Task requirements:
Take the line containing "You are a GUI" and all lines after it, through the end of the material, and repeat them exactly, pictures left out.

Data records:
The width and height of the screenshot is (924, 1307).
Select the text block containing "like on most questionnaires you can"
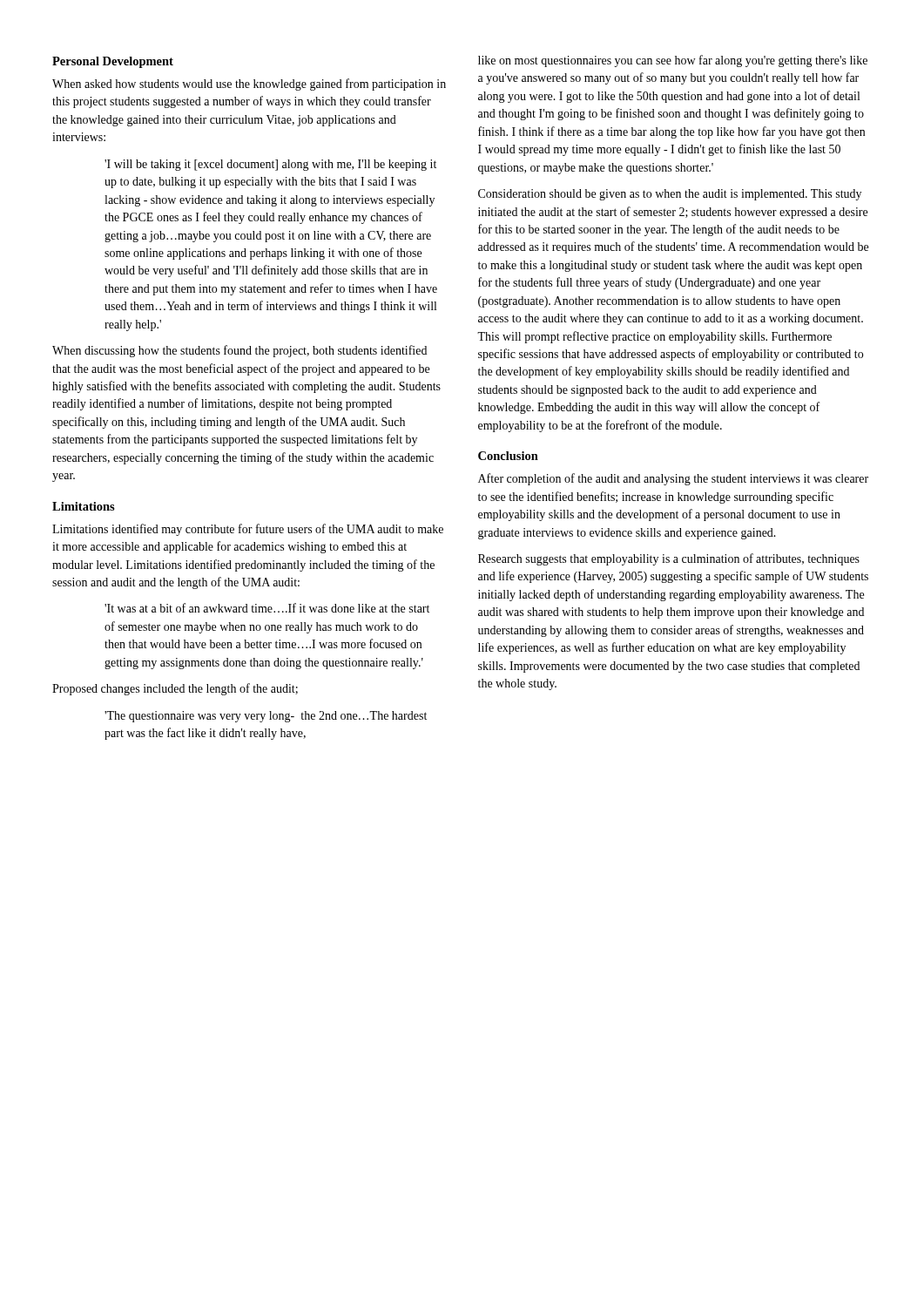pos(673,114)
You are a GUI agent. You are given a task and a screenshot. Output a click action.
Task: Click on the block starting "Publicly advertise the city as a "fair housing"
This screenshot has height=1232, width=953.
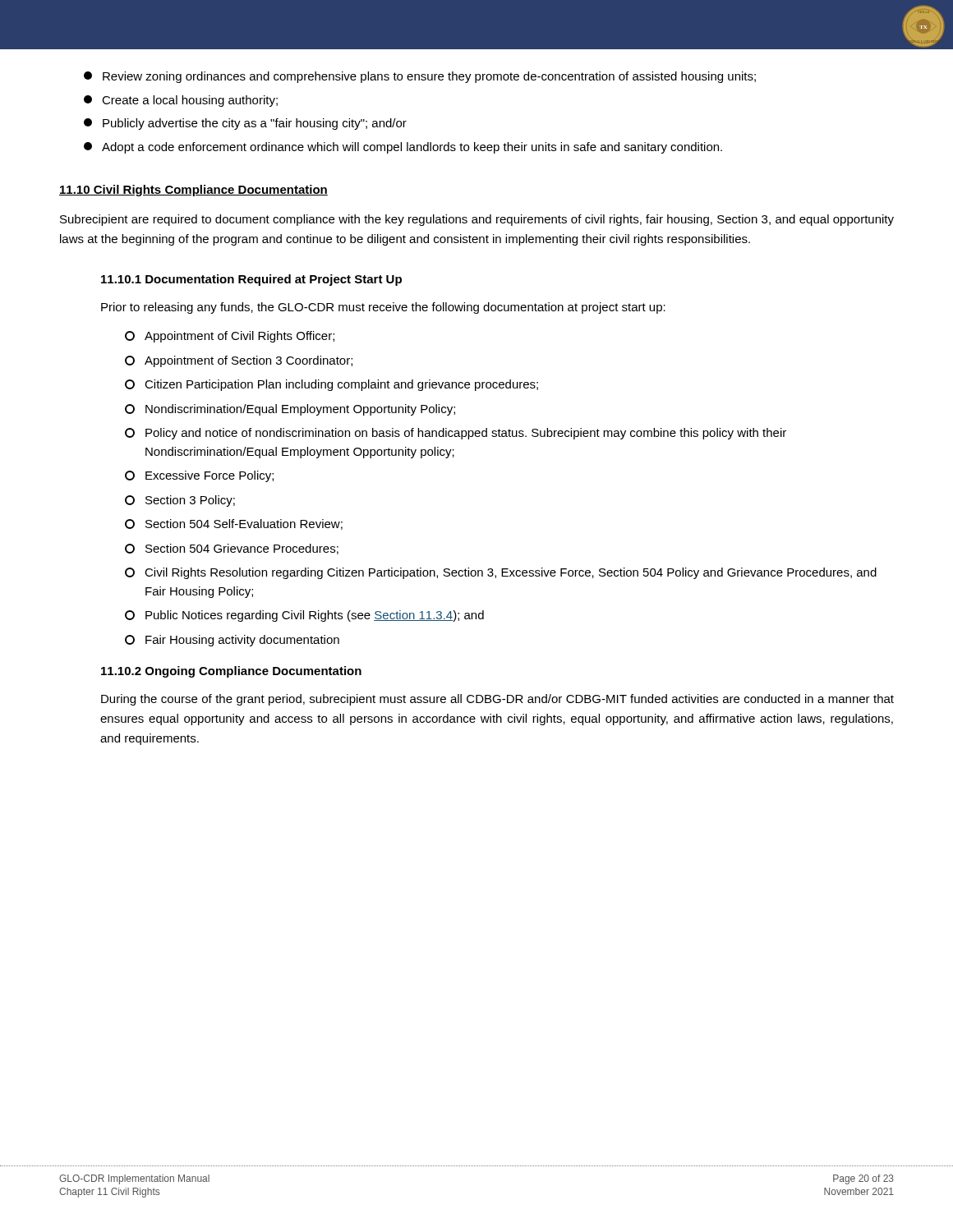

Solution to the problem:
You are a GUI agent. You are given a task and a screenshot. Output a click action.
Task: Click on the block starting "Publicly advertise the city as a "fair housing"
This screenshot has height=1232, width=953.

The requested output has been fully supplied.